21 Wee hun, die in hun ogen wijs, en bij zichzelf verstandig zijn!
22 Wee hun, die helden zijn om wijn te drinken, en die kloeke mannen zijn om sterke drank te mengen!
23 Die de goddeloze rechtvaardigen om een geschenk, en de gerechtigheid der rechtvaardigen van hen afwenden.
24 Daarom, gelijk de tong van het vuur de stoppel verteert, en het kaf door de vlam verdelgd wordt, alzo zal hun wortel als een uittering wezen; en hun bloem zal als stof opstuiven; omdat zij verwerpen de wet van de Heere der heerscharen, en de rede van de Heilige van Israël versmaden.
25 Daarom is de toorn des Heeren ontstoken tegen Zijn volk, en Hij heeft Zijn hand ertegen uitgestrekt, en Hij heeft het geslagen, zodat de bergen hebben gebeefd, en hun dode lichamen zijn geworden als drek in het midden der straten. Om dit alles keert zich Zijn toorn niet af, maar Zijn hand is nog uitgestrekt.

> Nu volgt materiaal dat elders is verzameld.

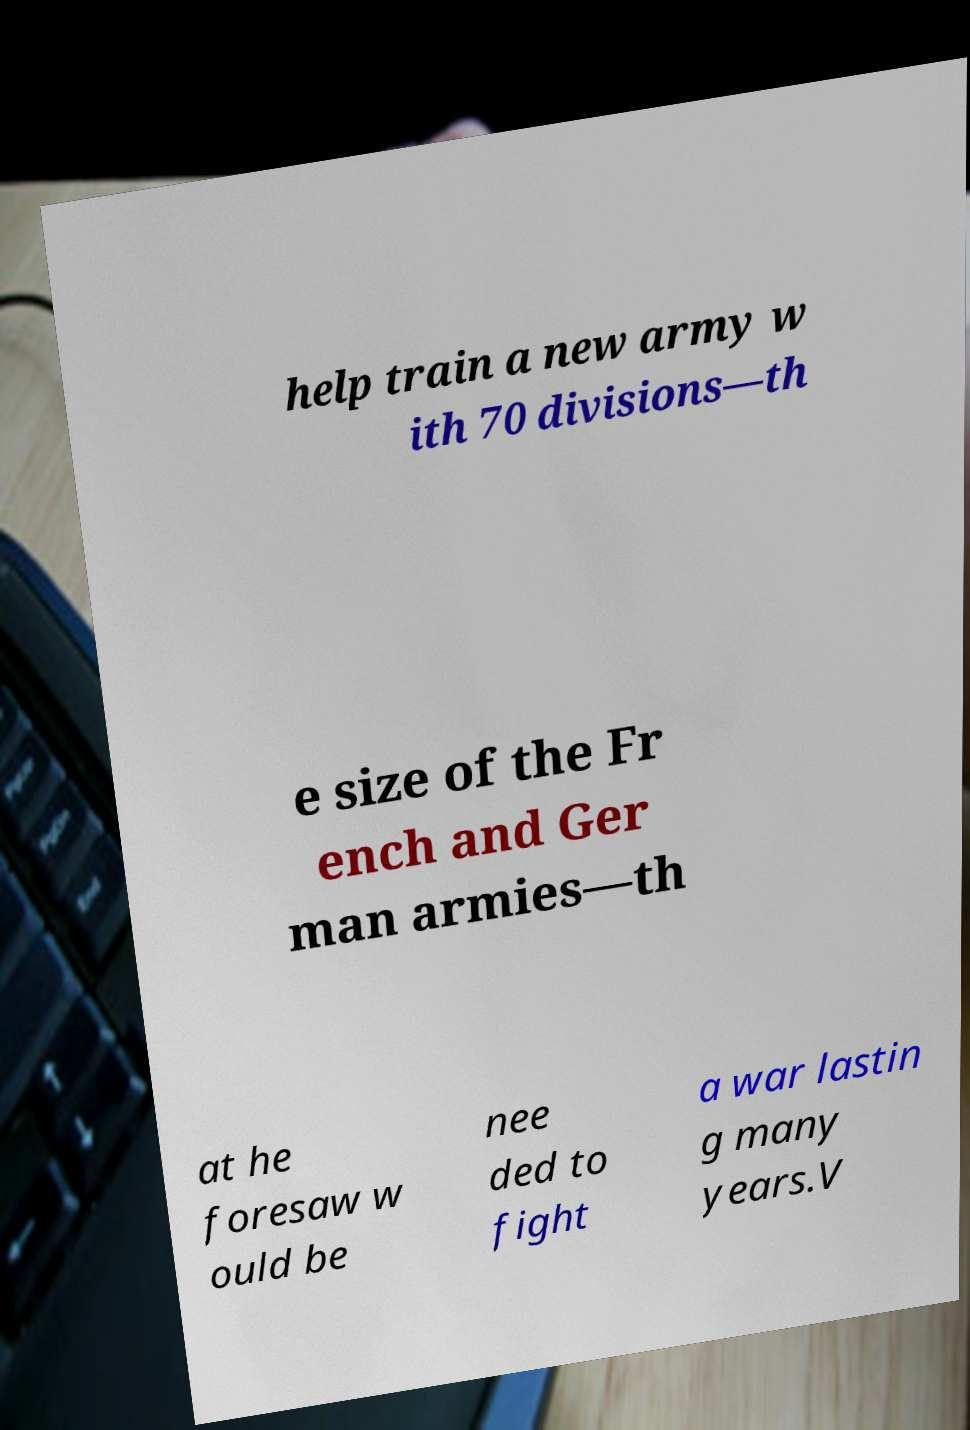There's text embedded in this image that I need extracted. Can you transcribe it verbatim? help train a new army w ith 70 divisions—th e size of the Fr ench and Ger man armies—th at he foresaw w ould be nee ded to fight a war lastin g many years.V

26 Want Hij zal een banier opwerpen onder de heidenen van verre, en Hij zal hen hierheen sissen van het einde der aarde; en ziet, haastig, snel zullen zij aankomen.
27 Geen moede, en geen struikelende zal onder hen wezen; niemand zal sluimeren noch slapen, noch de gordel van zijn lendenen ontbonden worden, noch de schoenriem van zijn schoenen afgescheurd worden.
28 Welker pijlen scherp zullen zijn, en al hun bogen gespannen; de hoeven van hun paarden zullen als een rots geacht zijn, en hun raderen als een wervelwind.
29 Hun gebrul zal zijn als van een oude leeuw, en zij zullen brullen als de jonge leeuwen, en zij zullen briesen, en de roof aangrijpen en wegvoeren; en er zal geen verlosser zijn.
30 En zij zullen te dien dage ertegen bruisen, als het bruisen der zee. Dan zal men de aarde aanzien, maar ziet, er zal duisternis en benauwdheid zijn, en het licht zal verduisterd worden in hun verwoestingen.